En effet, les principaux ennemis des Assyriens avaient été jusque là les Perses et les Azeris; aucun affrontement majeur avec les Kurdes n'avait eu lieu. A Ourmia, les misérables réfugiés kurdes avaient pour habitude de visiter boutiques et habitations après les pillards Djelos. En fait, depuis l'echec des négociations franco-kurdes, aucun élément nouveau n'était survenu; seul Simko, que ses discussions avec les Anglais semblaient avoir rallié à la cause alliée, manifestait avec ostentation sa sympathie pour les Assyriens, et prétendait rechercher un accord avec eux.

Le Patriarche, résolu à reprendre l'initiative politique à Agha Petros, décida de répondre aux avances de Simko; une alliance assyro-kurde contre les Turcs aurait constitué un élément majeur, et lui aurait assuré une position prépondérante.

Poussé par sa soeur et prétextant une "mission de paix", Mar Shimoun se rendit à Konehcher avec une escorte de 50 cavaliers, répondant à une invitation de Simko.

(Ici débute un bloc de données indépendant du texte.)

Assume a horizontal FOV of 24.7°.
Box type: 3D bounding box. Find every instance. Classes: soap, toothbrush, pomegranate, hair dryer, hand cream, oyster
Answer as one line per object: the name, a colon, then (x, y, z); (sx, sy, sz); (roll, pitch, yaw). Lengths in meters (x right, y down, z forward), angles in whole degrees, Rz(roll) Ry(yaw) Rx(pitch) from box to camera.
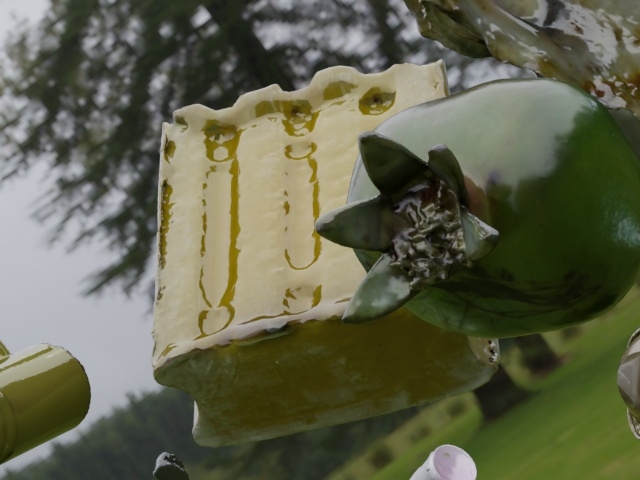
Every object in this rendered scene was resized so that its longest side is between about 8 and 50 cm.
soap: (0.000, 0.000, 1.346); (0.294, 0.156, 0.335); (-13, 43, 8)
toothbrush: (-0.081, 0.332, 1.721); (0.030, 0.297, 0.030); (-40, 29, 22)
pomegranate: (0.079, -0.012, 0.722); (0.152, 0.131, 0.191); (-13, 0, 23)
hair dryer: (-0.344, 0.080, 1.360); (0.090, 0.278, 0.135); (-43, -9, 27)
hand cream: (0.117, 0.399, 2.051); (0.111, 0.070, 0.312); (-21, -27, -39)
oyster: (0.150, -0.188, 1.048); (0.361, 0.221, 0.096); (11, -19, -15)

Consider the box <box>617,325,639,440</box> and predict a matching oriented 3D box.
box: (0.322, 0.116, 1.312); (0.111, 0.111, 0.177); (-35, -10, -22)
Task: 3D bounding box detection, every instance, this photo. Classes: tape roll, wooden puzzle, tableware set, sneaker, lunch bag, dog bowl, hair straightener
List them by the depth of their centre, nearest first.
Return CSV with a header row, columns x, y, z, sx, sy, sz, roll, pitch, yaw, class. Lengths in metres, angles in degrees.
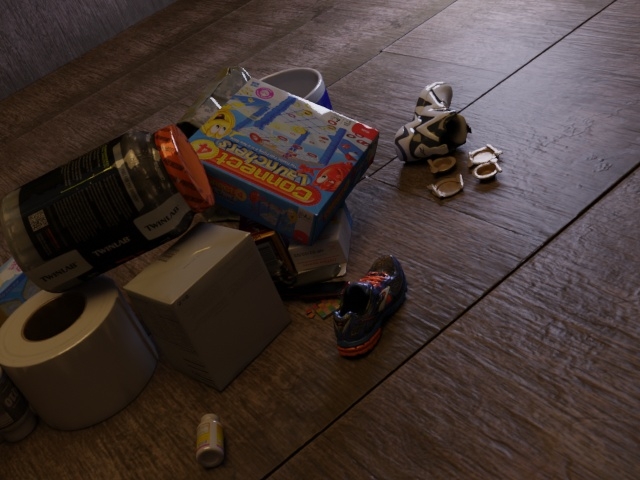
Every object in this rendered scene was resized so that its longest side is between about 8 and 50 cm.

A la fin du festin, alors qu'un "accord général" avait été conclu, des hommes du chef kurde postés sur les terrasses ouvrirent le feu. Le Patriarche et une grande partie de l'escorte périrent dans le guet-apens. Le meurtre était évidemment prémédité; la correspondance échangée entre Simko et Tabriz fut retrouvée et montre qu'il résultait d'un accord entre les deux partis. Les objectifs des autorités persanes étaient clairs, ceux de Simko moins; sans doute avait-il été plus ou moins acheté, sans doute aussi avait-il reçu des assurances des Turcs quant à leur projet pour la région.

L'assassinat fut accueilli avec enthousiasme par les musulmans; à Tabriz furent organisés des souscriptions et des envois de volontaires en faveur de Simko. Il souleva l'indignation générale parmi les communautés chrétiennes43.

Sitôt la nouvelle connue, un véritable pogrom anti-kurde eut lieu à Ourmia qui fit près de 500 victimes parmi les malheureux réfugiés de la ville. Les officiers alliés eurent grand peine à retenir les Djelos qui voulaient immédiatement mener une attaque de représaille contre les Kurdes de Simko. Deux colonnes, accompagnées de personnel sanitaire français, partirent le 20 mars : l'une commandée par Agha Petros passa par les montagnes, l'autre commandée par des officiers alliés passa par la plaine. Le but était de prendre Simko en tenaille44.

La colonne de la plaine, composée en grande partie de Chaldéens autochtones, fut retardée par une vive résistance et faillit se débander. C'est la colonne d'Agha Petros qui prit le repaire de Simko, au terme d'une attaque dans la pure tradition des djelos, étonnante de courage et d'audace. Le chef kurde s'échappa de justesse. Les forces assyro-chaldéennes sur le chemin du retour prirent la ville de Dilman qui fut pillée de fond en comble. L'expédition fut l'occasion de terribles représailles, beaucoup de villages furent brûlés et de nombreux Kurdes massacrés45.

L'allégresse qui salua, début avril, le retour des combattants chrétiens à Ourmia fut de courte durée. L'expédition victorieuse n'eut aucune conséquence stratégique favorable. La route vers Djoulfa et le Caucase était toujours barrée, et les stocks de munitions, dont les Djelos usaient avec abondance, diminuaient. De plus, le retour du printemps annonçait l'arrivée des troupes turques. Dès le début avril, de fortes concentrations de Kurdes hostiles renforcées de mitrailleuses servies par des soldats turcs, furent signalées vers Ouchnou et Saoudj-Boulak, au Sud. La menace se précisait aussi par le Nord46.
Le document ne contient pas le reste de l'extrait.